К тому же паши пращуры в упомянутом выше своем праве видели твердыню, и видели ее не без основания. Дедушка Матвей Иваныч понимал очень отчетливо, что ежели он тверд в вере, то никто не только не тронет его, но и не может тронуть. Он сам сознавал себя твердыней, и кратковременные капризы его с губернатором были не больше как обоюдное развлечение двух твердынь. А так как последнему это было так же хорошо известно, как и дедушке, то он, конечно, остерегся бы сказать, как это делается в странах, где особых твердынь по штату не полагается: я вас, милостивый государь, туда турну, где Макар телят не гонял! — потому что дедушка на такой реприманд*, нимало не сумнясь, ответил бы: вы не осмелитесь это сделать, ибо я сам государя моего отставной подпоручик! И губернатор, наверное, прикусил бы язык, потому что дедушкина твердость в вере была такова, что вошла даже в пословицу. Припомним, что в ту пору не было ни эмансипации, ни вольного труда, ни вольной продажи вина, и вообще ничего такого, что̀ поселяет в человеческой совести разлад и зарождает в человеке печальные думы о коловратности счастия. А коль скоро нет в жизни разлада, то человек, даже без всякого давления фанатизма, имеет веру сильную и стремительную. Он смотрит в одну точку, около которой располагает и все прочие подробности жизни. А так как эта точка не только существовала для наших пращуров, но и составляла совершеннейший пантеон, то человеку, убежденному, что он находится в самом центре храма славы, весьма естественно было примиряться с некоторыми его недостатками, заключавшимися в однообразии предоставляемых им наслаждений. И отъезжее поле, и потрясающая бедрами девка Палашка, и даже хождение по комнатам, украшенными шкапиками с графинчиками, — все это выносилось безропотно, потому что во всем этом виделся символ, за которым пряталась идея о праве и долге.

Мы, потомки дедушки Матвея Иваныча, никаких подобного рода интересов не имеем.
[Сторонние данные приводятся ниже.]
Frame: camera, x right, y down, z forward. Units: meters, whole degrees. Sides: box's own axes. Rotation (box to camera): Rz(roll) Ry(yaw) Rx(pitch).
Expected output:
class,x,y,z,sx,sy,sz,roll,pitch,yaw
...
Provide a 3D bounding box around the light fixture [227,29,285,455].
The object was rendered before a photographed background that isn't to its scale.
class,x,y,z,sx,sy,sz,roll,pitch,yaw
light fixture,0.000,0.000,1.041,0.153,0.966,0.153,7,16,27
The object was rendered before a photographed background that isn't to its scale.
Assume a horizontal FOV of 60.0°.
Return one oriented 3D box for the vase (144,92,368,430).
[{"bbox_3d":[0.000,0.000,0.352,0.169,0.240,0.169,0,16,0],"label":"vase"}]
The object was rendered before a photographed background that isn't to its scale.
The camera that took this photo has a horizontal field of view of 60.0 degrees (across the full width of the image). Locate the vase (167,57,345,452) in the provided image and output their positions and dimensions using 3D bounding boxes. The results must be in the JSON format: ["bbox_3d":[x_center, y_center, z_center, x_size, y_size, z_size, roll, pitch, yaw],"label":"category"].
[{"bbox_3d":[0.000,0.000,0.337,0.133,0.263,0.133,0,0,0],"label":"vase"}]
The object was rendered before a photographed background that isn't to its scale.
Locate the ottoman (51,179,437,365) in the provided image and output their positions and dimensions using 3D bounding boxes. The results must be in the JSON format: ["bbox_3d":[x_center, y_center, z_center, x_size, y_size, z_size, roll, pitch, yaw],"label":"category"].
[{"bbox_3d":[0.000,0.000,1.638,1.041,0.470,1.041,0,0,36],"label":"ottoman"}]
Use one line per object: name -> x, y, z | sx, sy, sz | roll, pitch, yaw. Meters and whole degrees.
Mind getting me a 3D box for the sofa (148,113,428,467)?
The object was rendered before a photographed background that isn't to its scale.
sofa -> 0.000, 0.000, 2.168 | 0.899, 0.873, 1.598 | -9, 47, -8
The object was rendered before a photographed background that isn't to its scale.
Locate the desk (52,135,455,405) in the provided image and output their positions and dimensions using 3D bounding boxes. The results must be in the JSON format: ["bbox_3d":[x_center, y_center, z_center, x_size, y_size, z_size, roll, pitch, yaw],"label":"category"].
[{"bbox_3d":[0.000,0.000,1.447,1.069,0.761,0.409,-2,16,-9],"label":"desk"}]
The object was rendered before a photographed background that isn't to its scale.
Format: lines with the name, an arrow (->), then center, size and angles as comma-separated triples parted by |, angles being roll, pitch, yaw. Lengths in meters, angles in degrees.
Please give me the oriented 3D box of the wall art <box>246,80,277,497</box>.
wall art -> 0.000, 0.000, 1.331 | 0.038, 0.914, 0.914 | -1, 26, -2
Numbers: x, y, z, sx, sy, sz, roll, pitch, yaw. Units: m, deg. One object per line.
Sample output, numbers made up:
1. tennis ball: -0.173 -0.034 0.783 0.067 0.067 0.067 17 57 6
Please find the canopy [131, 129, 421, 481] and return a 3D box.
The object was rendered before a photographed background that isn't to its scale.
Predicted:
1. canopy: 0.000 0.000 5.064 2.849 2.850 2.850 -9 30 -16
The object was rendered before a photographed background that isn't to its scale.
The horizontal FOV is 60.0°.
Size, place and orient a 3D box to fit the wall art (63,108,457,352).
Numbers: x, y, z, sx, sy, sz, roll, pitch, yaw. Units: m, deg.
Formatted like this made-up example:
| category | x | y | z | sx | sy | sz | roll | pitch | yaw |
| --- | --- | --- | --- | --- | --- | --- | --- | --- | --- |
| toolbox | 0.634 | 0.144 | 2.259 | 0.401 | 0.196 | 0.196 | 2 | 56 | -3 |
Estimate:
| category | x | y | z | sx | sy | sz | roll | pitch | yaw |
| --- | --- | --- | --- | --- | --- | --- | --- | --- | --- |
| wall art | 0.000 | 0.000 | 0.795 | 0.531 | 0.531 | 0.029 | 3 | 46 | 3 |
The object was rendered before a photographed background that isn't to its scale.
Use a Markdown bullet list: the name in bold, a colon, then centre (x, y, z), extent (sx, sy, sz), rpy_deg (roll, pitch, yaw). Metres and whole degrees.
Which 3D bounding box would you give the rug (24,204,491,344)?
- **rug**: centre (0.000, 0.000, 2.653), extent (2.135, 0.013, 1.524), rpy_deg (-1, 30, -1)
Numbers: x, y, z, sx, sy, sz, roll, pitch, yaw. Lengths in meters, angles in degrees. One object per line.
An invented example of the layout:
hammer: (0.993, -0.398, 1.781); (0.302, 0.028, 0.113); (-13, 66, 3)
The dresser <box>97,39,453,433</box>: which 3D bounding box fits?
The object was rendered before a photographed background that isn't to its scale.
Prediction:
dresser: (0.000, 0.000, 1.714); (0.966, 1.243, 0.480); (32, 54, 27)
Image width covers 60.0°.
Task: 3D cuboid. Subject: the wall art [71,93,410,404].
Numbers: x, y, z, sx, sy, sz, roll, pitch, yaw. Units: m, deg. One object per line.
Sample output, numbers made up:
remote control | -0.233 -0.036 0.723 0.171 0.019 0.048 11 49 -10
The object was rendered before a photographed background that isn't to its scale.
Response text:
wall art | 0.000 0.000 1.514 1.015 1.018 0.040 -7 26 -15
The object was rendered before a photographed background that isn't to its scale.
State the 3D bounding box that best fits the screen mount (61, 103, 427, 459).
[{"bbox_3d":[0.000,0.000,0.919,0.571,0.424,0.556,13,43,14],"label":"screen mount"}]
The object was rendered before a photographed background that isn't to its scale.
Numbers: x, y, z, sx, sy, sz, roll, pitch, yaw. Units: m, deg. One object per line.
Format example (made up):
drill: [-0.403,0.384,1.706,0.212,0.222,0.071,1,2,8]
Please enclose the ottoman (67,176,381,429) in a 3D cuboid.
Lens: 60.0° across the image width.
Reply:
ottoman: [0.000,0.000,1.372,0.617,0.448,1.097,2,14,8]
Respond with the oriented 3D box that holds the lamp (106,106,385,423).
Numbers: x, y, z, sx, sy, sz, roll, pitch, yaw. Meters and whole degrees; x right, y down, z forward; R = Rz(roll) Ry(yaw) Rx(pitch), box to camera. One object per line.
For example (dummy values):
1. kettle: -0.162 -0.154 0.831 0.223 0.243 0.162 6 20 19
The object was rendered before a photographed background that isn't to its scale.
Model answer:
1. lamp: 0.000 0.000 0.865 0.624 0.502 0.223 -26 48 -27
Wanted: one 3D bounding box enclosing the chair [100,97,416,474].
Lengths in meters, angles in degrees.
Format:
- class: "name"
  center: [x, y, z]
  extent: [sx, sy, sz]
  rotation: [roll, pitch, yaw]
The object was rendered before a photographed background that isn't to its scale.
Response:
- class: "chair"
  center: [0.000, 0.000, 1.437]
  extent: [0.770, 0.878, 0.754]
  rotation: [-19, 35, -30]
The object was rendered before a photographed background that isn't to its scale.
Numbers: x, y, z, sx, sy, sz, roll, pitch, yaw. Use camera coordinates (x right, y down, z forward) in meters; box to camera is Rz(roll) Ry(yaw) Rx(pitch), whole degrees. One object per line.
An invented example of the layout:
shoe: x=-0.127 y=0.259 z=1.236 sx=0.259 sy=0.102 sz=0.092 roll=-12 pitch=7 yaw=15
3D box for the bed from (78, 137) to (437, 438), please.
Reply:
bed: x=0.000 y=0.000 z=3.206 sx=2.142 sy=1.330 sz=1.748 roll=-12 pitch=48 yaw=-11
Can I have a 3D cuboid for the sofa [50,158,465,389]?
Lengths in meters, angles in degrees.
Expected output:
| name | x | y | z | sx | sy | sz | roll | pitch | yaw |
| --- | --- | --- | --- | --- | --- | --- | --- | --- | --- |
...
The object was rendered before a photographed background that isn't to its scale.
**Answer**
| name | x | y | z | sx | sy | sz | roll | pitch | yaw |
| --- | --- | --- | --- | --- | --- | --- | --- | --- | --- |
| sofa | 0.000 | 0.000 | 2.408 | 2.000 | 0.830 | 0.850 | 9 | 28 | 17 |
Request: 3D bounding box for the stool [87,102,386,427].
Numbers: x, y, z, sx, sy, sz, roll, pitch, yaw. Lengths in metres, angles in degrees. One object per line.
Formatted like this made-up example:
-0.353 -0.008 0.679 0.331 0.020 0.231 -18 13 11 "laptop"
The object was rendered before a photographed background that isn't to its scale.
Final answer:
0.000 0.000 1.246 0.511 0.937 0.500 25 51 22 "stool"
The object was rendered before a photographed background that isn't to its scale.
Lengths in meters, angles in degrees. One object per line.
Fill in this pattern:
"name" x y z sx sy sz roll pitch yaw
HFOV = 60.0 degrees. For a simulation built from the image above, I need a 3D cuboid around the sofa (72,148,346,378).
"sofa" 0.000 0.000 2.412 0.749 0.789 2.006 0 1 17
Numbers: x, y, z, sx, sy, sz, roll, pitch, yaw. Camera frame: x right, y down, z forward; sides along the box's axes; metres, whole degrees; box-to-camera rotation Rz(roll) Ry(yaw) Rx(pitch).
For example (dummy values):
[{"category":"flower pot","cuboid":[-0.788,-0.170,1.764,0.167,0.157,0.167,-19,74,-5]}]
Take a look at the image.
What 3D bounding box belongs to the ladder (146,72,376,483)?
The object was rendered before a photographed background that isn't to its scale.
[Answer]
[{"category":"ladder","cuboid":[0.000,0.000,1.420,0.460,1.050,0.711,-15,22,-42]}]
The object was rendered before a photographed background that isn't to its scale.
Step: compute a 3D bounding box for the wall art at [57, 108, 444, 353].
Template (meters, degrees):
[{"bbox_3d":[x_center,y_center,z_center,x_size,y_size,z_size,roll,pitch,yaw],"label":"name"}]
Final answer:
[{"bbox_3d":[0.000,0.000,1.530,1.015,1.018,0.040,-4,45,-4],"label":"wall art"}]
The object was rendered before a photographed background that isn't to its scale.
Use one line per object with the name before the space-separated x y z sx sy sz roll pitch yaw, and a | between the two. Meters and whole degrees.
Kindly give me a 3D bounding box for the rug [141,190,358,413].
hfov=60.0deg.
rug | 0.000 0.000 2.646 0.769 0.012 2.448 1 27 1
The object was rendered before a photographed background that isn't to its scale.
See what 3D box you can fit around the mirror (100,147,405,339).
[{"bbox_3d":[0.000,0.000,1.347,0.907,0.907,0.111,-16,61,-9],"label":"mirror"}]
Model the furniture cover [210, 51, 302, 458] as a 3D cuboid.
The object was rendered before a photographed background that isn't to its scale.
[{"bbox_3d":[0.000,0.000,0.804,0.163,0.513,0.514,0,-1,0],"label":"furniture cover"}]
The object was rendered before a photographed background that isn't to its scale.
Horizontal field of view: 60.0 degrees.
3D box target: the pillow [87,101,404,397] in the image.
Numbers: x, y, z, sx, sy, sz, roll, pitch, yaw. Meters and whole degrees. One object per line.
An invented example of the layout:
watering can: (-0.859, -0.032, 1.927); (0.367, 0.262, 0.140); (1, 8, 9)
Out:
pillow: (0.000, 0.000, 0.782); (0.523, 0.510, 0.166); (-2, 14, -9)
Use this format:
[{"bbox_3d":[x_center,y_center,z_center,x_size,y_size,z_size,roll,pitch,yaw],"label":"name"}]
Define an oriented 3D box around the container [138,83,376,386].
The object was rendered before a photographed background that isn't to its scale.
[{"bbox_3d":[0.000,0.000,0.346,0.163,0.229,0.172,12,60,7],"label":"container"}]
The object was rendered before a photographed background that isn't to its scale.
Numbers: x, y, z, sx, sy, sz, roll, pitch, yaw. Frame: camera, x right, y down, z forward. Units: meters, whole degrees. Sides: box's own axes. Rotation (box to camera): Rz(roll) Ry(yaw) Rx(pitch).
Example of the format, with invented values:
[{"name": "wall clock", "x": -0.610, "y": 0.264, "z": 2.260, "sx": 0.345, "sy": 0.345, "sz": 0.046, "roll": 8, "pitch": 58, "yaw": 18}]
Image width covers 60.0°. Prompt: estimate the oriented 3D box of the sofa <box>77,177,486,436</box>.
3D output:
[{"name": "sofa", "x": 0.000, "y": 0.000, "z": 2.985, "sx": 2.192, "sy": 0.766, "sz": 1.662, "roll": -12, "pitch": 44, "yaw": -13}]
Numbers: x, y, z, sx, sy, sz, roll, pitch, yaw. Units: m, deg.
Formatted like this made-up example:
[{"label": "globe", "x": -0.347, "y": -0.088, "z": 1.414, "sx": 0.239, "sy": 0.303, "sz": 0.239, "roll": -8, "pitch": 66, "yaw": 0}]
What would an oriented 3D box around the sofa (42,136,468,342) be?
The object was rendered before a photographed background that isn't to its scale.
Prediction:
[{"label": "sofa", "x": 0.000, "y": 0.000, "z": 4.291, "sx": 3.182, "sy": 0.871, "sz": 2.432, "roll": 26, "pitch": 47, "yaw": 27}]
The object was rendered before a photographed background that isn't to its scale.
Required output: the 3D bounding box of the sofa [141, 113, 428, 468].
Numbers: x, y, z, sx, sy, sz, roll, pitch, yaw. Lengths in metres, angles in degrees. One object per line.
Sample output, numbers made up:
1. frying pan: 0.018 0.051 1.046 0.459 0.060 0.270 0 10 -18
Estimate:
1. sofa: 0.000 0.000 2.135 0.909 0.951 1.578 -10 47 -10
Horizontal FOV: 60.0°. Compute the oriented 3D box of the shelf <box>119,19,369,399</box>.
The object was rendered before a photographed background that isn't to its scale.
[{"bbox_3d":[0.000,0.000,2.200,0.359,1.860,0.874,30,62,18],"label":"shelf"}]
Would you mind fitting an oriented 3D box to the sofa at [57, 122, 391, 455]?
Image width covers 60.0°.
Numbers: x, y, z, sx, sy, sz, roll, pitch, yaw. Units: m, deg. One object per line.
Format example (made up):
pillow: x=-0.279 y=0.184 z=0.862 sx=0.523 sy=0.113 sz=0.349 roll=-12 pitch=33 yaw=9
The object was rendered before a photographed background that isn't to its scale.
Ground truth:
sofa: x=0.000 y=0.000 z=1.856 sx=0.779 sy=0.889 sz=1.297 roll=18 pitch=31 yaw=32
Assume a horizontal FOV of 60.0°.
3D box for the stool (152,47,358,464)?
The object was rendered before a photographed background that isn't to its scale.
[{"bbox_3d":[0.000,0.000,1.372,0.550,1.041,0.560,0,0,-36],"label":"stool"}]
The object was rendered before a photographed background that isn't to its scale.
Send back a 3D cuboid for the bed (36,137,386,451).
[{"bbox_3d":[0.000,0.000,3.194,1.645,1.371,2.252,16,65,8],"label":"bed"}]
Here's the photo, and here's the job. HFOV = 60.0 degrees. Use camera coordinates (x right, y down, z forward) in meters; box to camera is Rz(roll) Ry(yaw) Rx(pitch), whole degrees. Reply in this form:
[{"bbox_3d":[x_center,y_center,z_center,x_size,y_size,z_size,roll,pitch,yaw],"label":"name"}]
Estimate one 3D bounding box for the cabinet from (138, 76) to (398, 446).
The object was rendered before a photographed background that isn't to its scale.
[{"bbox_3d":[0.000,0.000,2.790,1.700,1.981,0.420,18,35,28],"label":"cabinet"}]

Мы как-то вдруг опешили и убедились, что у нас от нашего права не осталось ни капельки. Собрания наши малолюдны; мы не пикируемся, потому что пикироваться на манер пращуров не имеем уже повода, а каким образом пикироваться на новый манер — еще не придумали. С другой стороны, мы не срываем скатертей с сервированных столов, не услаждаемся потрясаниями доморощенных Палашек, потому что это слишком дорого стоит. Для того чтобы иметь хоть призрак тех удовольствий, которыми пользовались наши пращуры, мы должны ехать в Петербург и там, в складчину, по два рубля с рыла, облизываться на Шнейдершу, qui se gratte les jambes et les hanches. Но ведь Шнейдерша — достояние общее, а при общедоступности доставляемого ею удовольствия кто же из нас может сказать: это моя. Шнейдерша! как, бывало, говаривал дедушка Матвей Иваныч: это моя Палашка! А в возможности подобных-то восклицаний и заключается тайна живучести тех несложных удовольствий, которые составляют удел наш. Вникните в смысл этого восклицания, вслушайтесь в тон, которым оно сказано, — и вы убедитесь, что тут звучит нечто больше нежели просто удовлетворенная необузданность. Вы почувствуете, что Палашка была для дедушки не просто Палашкой, а олицетворением его права; что он, услаждая свой взор ее потрясаниями, приобретал не на два рубля с рыла удовольствия, а сознавал удовлетворенным свое чувство дворянина. А мы что́? Мы даже m-lle Филиппо не можем заставить спеть «L’amour — ce n’est que cela»*[376], ежели этой песенки не значится в афишах. Да если бы и имели возможность заставить — что же потом? Или, быть может, есть у нас, кроме m-lle Филиппо̀ и ее песенок, и другие какие-нибудь интересы, как, например: ужин с шампанским у Дюссо̀, устрицы с шампанским у Елисеева и нумер в гостинице для отдохновения от пьяно проведенной ночи?